On 14 and 21 March 2024, the Restena Foundation will replace the servers on which the two recursive resolvers benefiting institutions connected to the national research and education network (RESTENA network) are configured. With its DNS servers that focus on data security and protection, Restena provides institutions using the ‘Public DNS resolver’ with data security, confidentiality, and protection for DNS requests by means of a neutral DNS resolution that validate the responses obtained by using DNSSEC technology.

Encrypted access to DNS resolvers

New servers integrated into the RESTENA network infrastructure, research and education institutions can benefit from a new feature: accessing the community DNS resolver by using DNS-over-TLS (DoT) and DNS-over-HTTPS (DoH), two technologies that encipher DNS communications between client and server.

The DoT and DoH services will be immediately available to any institution wishing to use these technologies but will require server authentication. To achieve this, it will be essential to implement the X.509 certificate signature (SPKI pin) for resolvers.

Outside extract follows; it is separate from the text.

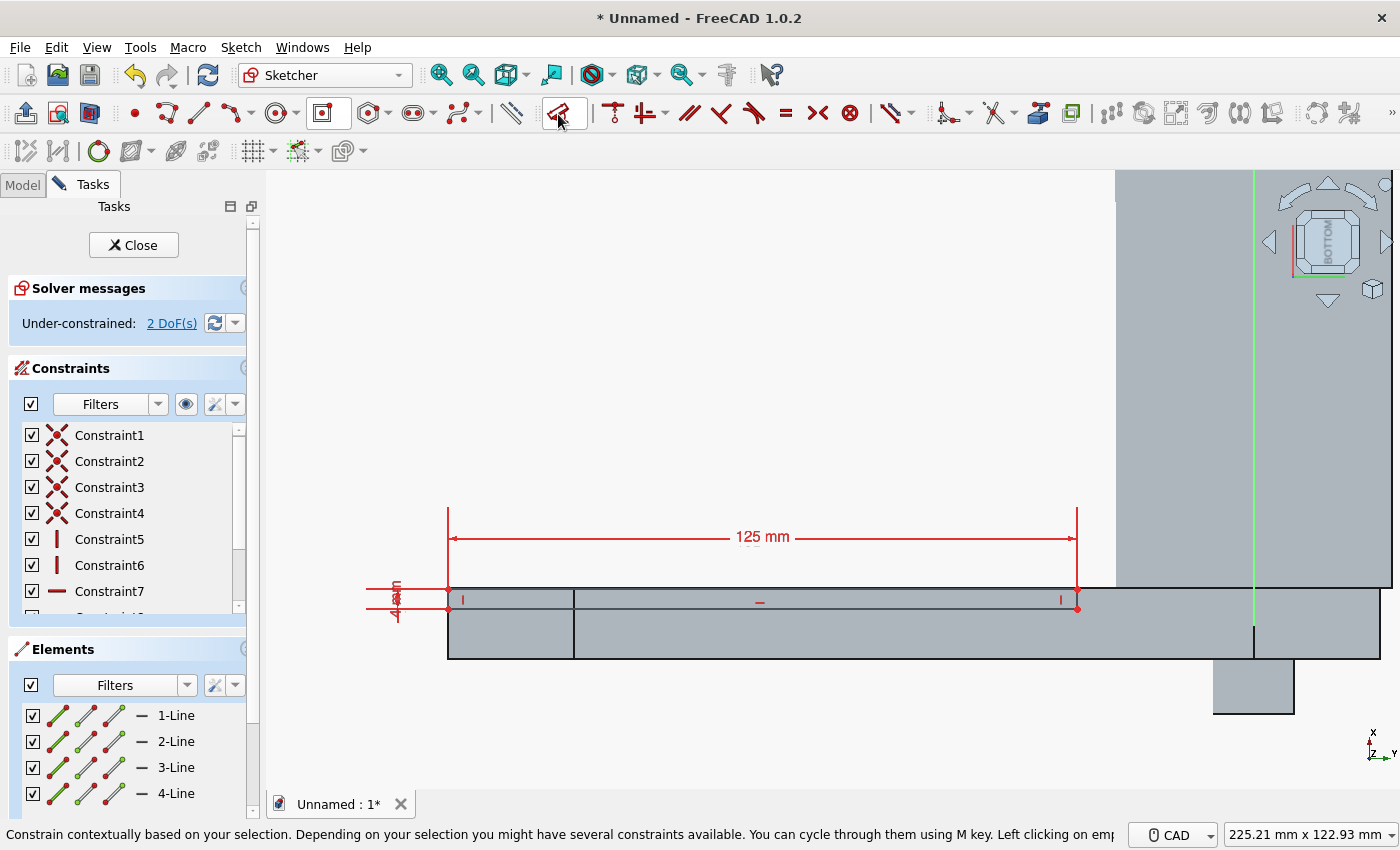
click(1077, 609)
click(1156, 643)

A step closer to a new infrastructure

Replacing the servers ns.restena.lu and arakis.restena.lu by the servers dns1.restena.lu et dns2.restena.lu - which will still use their current IPv4 and IPv6 addresses - is a further step within the project to renew servers initiated by Restena. In February 2024, Restena already replaced the server on which its recursive resolver open to the general public was configured.

In the future, renewing servers will allow the integration of our community recursive resolvers inside a bright new dedicated infrastructure, developed within the LuCySe4RE - Enhancing Cybersecurity Services for the Luxembourgish Research and Education community project, a project whose aim is to improve protection against the cybersecurity risks faced by the Luxembourg research and education community.